Only certain employees can claim unreimbursed business expenses as an itemized deduction now. Eligible employees include Armed Forces reservists, qualified performing artists, fee-basis state or local government officials, and employees with impairment-related work expenses. All expenses must be paid or billed during the tax year.

Married taxpayers filing jointly may deduct the interest on a maximum of only $750,000 of mortgage principal. The deduction is limited to half of that for single taxpayers. Interest on home equity loans, home equity lines of credit (HELOCs) and second mortgages may be deducted only when used to buy, build or substantially improve the taxpayer’s primary or secondary qualified residence that secures the loan, subject to limits.

The treatment of investment property for Section 1031 exchanges is now limited to real property, including land and permanent structures on that land. However, you can still sell one property and buy up to three others within a certain timeframe. You may be able to defer taxable gains when you sell investment property. You have 45 days after the sale to identify other income-producing property that you will purchase within 180 days of the sale, or by the due date of your tax return, including extensions. Your tax professional can give you more information.
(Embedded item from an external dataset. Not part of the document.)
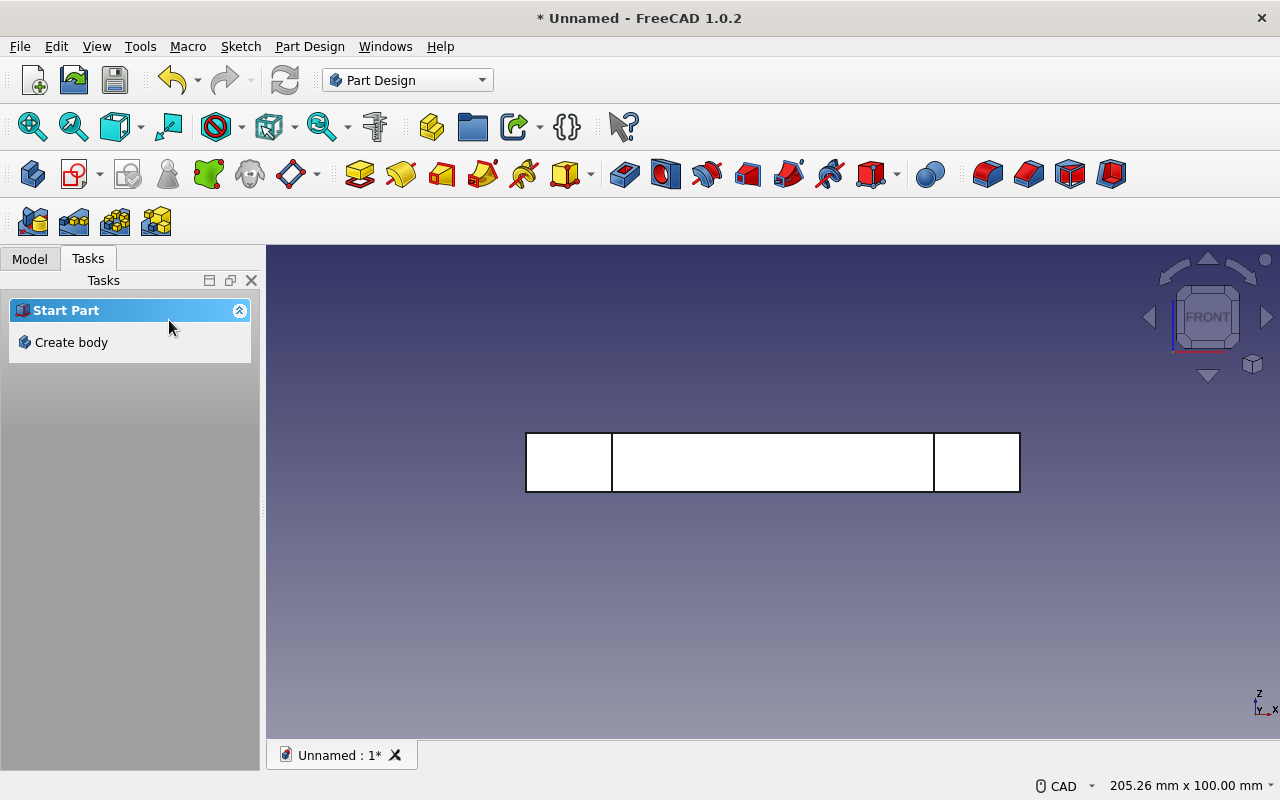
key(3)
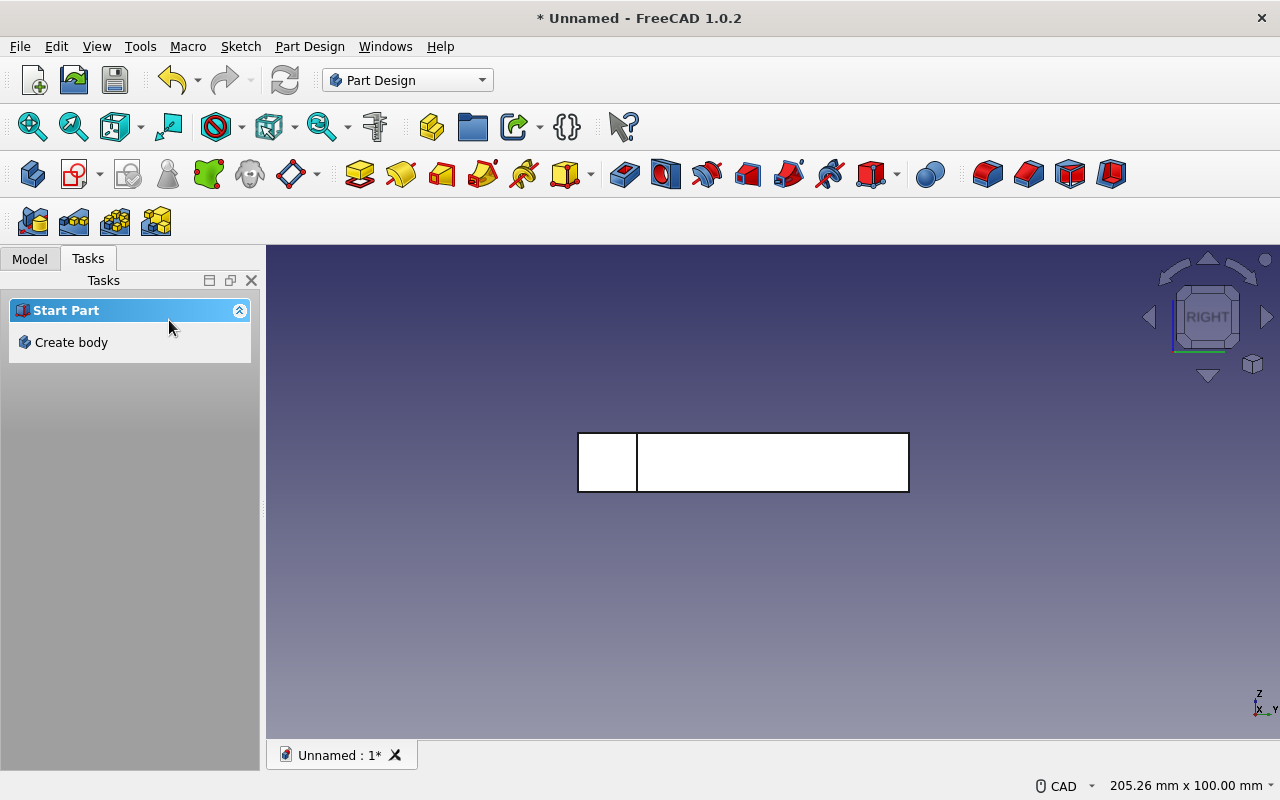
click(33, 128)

Taxpayers are limited to $10,000 on state and local tax (SALT) deductions. This provision is especially harsh on homeowners in high-tax states, where state income and property taxes can easily exceed this figure. Making “charitable deductions” to a state-run charitable fund won’t allow you to get around the SALT limitations. Buying SALT credits this way is not allowed, because as with all charitable contributions, you’ll have to reduce the amount of your contribution by the value of anything you receive.

If you are a partner in a partnership or owner of an S-corporation, discuss the pass-through entity tax with your tax professional as a workaround of the $10,000 SALT tax deduction limit.